Record set:
##########

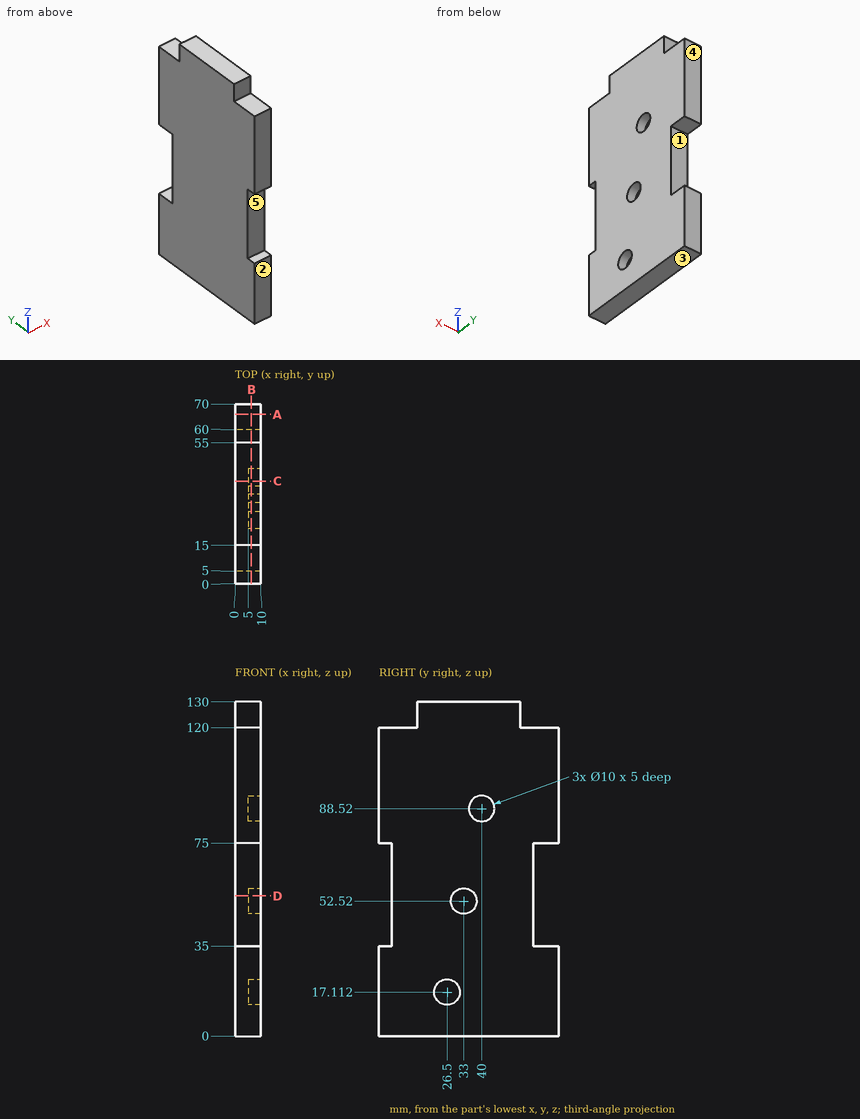
Job drawing, mm, ordinate dimensions from the low corner. One solid piece. A direction names the side the tool comes from. Give positions to 0.01 mm unless a question says otherwise; leave off trailing zeros. Loops run counter-clockwise (first coordinate to the right, second up) from the corner with the lowest first, then second, coordinate; pieces in that order, holes last. Notation, with made-up numbers: M 79,79 L 113,79 A31 ccw 113,110 Z; hole C 8.25,-39 d4. An arc over 180 degrees is marked long. Answer in a Markdown table with one row per item. Add a question column.
Item 1: Drop flat-ended pins along their axis: P1, Ø3, axis at x = 5, y = 63, coming from the +Z side; P2, Ø4, axis at y = 54.5, z = 26.5, coming from the -X side; P3, Ø5, axis at x = 4.5, z = 124.5, coming from the -Y side; P4, Ø5, axis at x = 6.5, z = 46.5, coming from the +Y side. Give the stop position or say it passes through.
Item 2: Tool access for the marked faces 1 and 2: list every direction of +Z, -Z, +X, -X, +Y, -Y with a clear straight run to the whole face (end or side of a thin tool).
Item 3: Band-saw the part on B-B on x = 6.25. Give the cut face in (y, z).
Item 4: Band-saw the part on D-D on z = 54.5. Give the cut face in (x, y).
Item 5: Band-saw the part on C-C on y = 40. Give the cut face in (x, z), then the cut area to 3 significant figures.
Item 6: Band-saw the part on A-A on y = 66. Give the cut face in (x, z), then the cut area to 3 significant figures.
Item 7: Mould opens along Z. For the marked faces 3, 4 and 5 say: +Z half, -Z half, draft (parallel to the pull), parting line (faces both ways), or undercut.
Item 8: Probe probe 1 along Z at (x, y) = (7.5, 62.5); probe 2 along Y at (x, z) = (7.65, 88.52); probe 3 along Y at (x, z) = (8.1, 52.52). List the from-to ranges inside material, lowest first.
Reply:
| question | item | result |
|---|---|---|
| 1 | P1 | stops at z = 120 |
| 1 | P2 | stops at x = 0 |
| 1 | P3 | stops at y = 15 |
| 1 | P4 | stops at y = 60 |
| 2 | face 1 | +X, -X, +Y |
| 2 | face 2 | +Z, -Z, +X, -X, -Y |
| 3 | outline | M 0,0 L 70,0 L 70,35 L 60,35 L 60,75 L 70,75 L 70,120 L 55,120 L 55,130 L 15,130 L 15,120 L 0,120 L 0,75 L 5,75 L 5,35 L 0,35 Z; hole C 26.5,17.11 d10; hole C 33,52.52 d10; hole C 40,88.52 d10 |
| 4 | outline | M 0,5 L 10,5 L 10,28.41 L 5,28.41 L 5,37.59 L 10,37.59 L 10,60 L 0,60 Z |
| 5 | outline | M 0,0 L 10,0 L 10,83.52 L 5,83.52 L 5,93.52 L 10,93.52 L 10,130 L 0,130 Z |
| 5 | area | 1,250 mm^2 |
| 6 | outline | M 0,0 L 10,0 L 10,35 L 0,35 Z; M 0,75 L 10,75 L 10,120 L 0,120 Z |
| 6 | area | 800 mm^2 |
| 7 | face 3 | -Z half |
| 7 | face 4 | draft |
| 7 | face 5 | undercut |
| 8 | probe 1 | z = 0 to 35, 75 to 120 |
| 8 | probe 2 | y = 0 to 35, 45 to 70 |
| 8 | probe 3 | y = 5 to 28, 38 to 60 |

##########

Beginning with the line holding "Item 5: Band-saw" and ending with the line holding "Item 7: Mould", write out the stretch of material above exactly; add no further lines.

Item 5: Band-saw the part on C-C on y = 40. Give the cut face in (x, z), then the cut area to 3 significant figures.
Item 6: Band-saw the part on A-A on y = 66. Give the cut face in (x, z), then the cut area to 3 significant figures.
Item 7: Mould opens along Z. For the marked faces 3, 4 and 5 say: +Z half, -Z half, draft (parallel to the pull), parting line (faces both ways), or undercut.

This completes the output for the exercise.